State support measures will from now on operate increasingly with ceilings and restrictions in an effort to contain costs and prevent any cases of abuse – intentional or not.
The pressure on the budget is growing as restrictions keep being extended and ever more regions are deemed to be at very high risk; this means the Finance Ministry is running out of other options, so it has to make the shift to targeted measures.
The decisions of the last few days, regarding the sixth phase of the cheap state loans program and contract suspensions, show that this policy is already being applied. In both cases the businesses’ 2020 turnover has been set as the criterion, leading to the rejection of applications from more than 430,000 enterprises for the so-called “Deposit To Be Returned” program, half of which had a higher turnover last year than in 2019. Even doctors and supermarkets dared apply for state support, ministry officials stress; they concede that the retro-setting of the eligibility criteria by the state may be an excuse for the numerous applications accountants submit, in case any of them make the cut.

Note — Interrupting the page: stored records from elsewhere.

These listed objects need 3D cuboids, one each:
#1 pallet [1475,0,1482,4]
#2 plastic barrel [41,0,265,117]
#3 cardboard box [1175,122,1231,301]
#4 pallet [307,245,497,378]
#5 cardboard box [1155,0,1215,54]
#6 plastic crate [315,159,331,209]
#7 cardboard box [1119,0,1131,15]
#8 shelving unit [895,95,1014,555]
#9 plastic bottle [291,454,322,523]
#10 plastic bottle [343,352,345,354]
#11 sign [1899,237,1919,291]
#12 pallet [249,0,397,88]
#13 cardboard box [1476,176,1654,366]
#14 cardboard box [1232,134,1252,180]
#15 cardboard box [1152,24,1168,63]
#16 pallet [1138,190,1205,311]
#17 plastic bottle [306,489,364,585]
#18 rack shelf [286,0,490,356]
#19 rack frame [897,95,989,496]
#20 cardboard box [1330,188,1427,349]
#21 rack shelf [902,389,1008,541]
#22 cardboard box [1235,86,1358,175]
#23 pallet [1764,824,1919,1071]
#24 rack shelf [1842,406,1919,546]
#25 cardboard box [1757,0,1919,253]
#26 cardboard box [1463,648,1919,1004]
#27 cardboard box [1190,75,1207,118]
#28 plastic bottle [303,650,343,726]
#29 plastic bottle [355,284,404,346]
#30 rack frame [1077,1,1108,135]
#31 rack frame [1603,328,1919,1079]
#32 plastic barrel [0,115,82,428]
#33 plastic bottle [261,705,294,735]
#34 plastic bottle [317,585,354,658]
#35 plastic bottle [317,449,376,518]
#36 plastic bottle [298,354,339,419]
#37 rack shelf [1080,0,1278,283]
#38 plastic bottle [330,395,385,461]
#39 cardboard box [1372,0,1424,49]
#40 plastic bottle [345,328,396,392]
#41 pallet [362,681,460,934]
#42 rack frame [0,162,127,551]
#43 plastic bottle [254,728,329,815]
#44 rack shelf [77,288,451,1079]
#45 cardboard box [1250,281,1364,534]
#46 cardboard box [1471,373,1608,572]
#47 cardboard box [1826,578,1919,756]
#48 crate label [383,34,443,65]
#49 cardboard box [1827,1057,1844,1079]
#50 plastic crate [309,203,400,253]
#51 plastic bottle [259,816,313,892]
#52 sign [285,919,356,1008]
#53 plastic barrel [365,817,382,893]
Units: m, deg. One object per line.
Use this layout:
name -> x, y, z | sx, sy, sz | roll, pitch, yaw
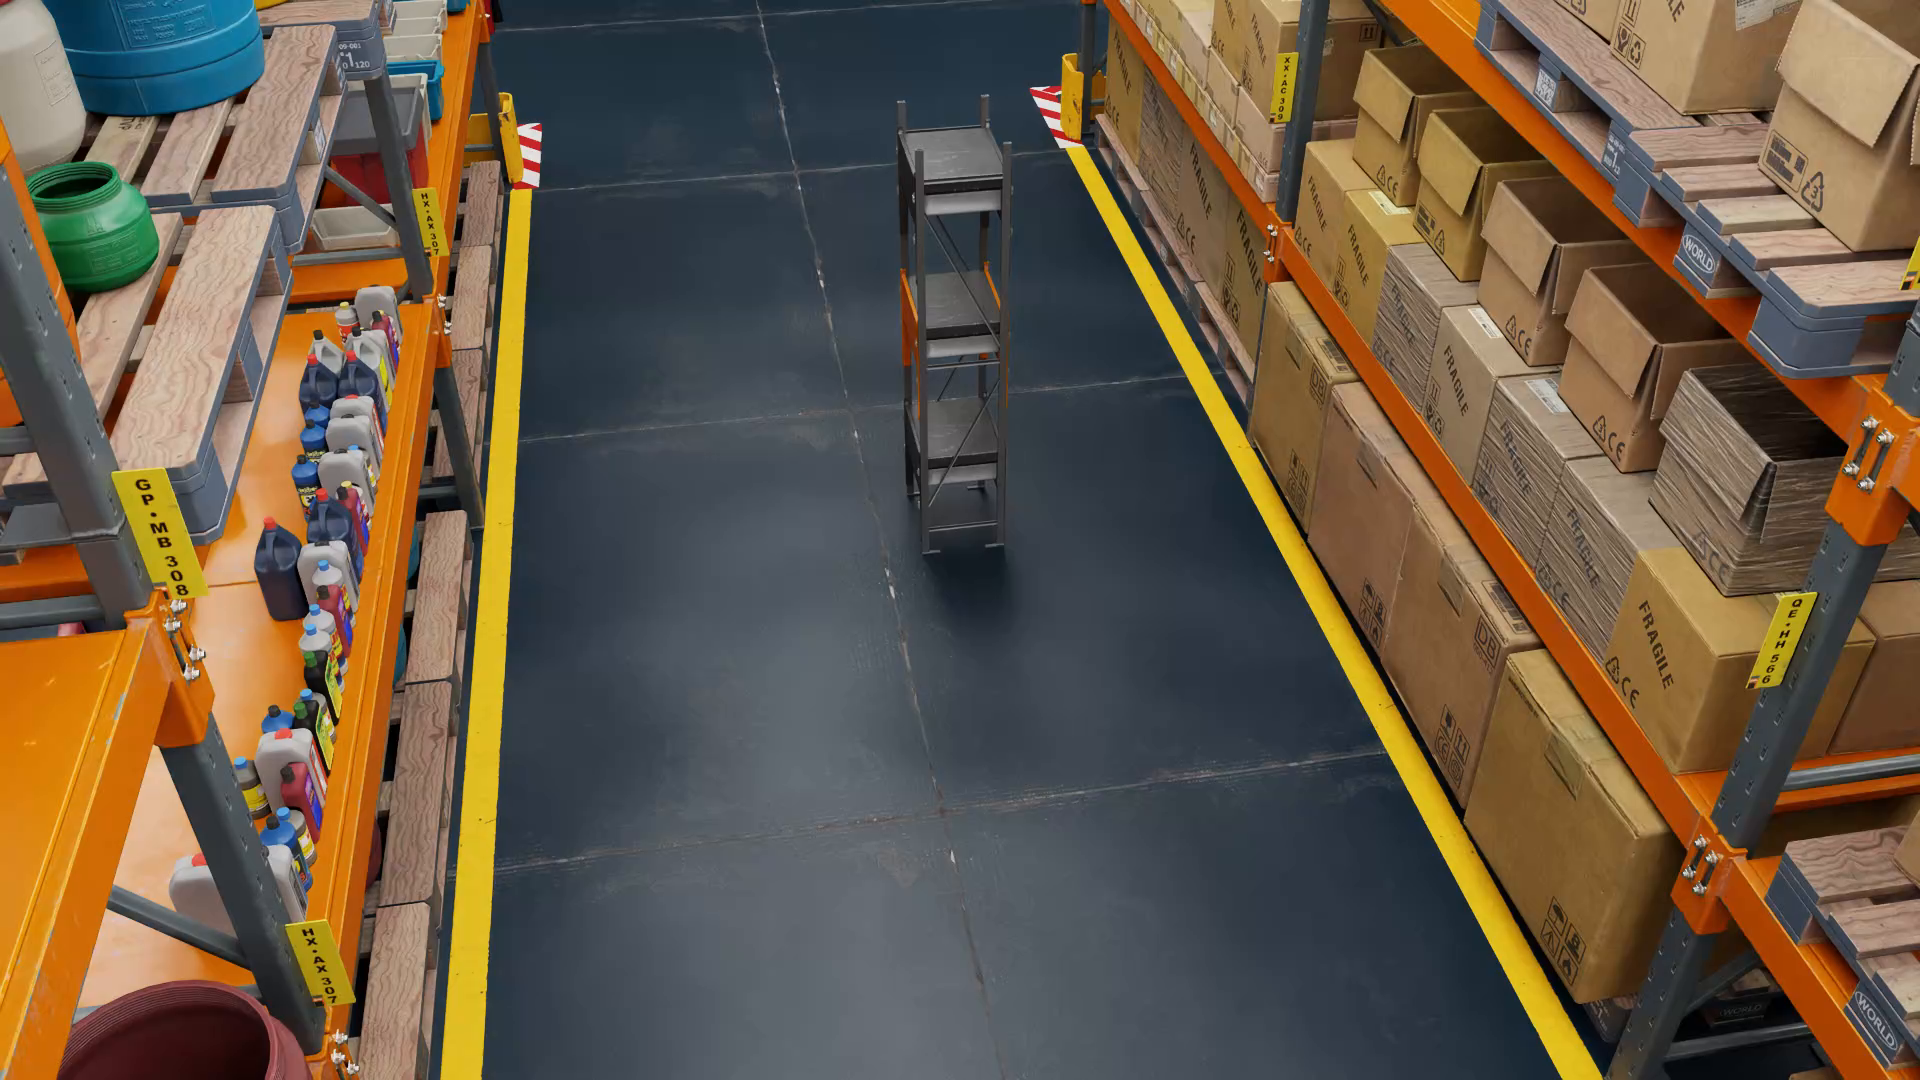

Likewise, Wednesday’s joint ministerial decision about the March furlough rules out companies that saw their turnover increase in the period from April to December 2020 from the same time in 2019 from the special-purpose compensation.
Last year’s turnover, concerning which the full results are now available, and the activity code numbers (KAD) are the main criteria based on which eligibility will be determined, ministry officials say. The KAD numbers have also been used for distinguishing the sectors that deserve 100% exemption from rental payments or a 40% discount on their rent in the first quarter of the year.
The same tactics, ministry sources add, will also be employed for the measure of covering companies’ fixed expenditure as of April. Therefore, besides a 30% drop in turnover, companies will only benefit if they also recorded losses throughout 2020.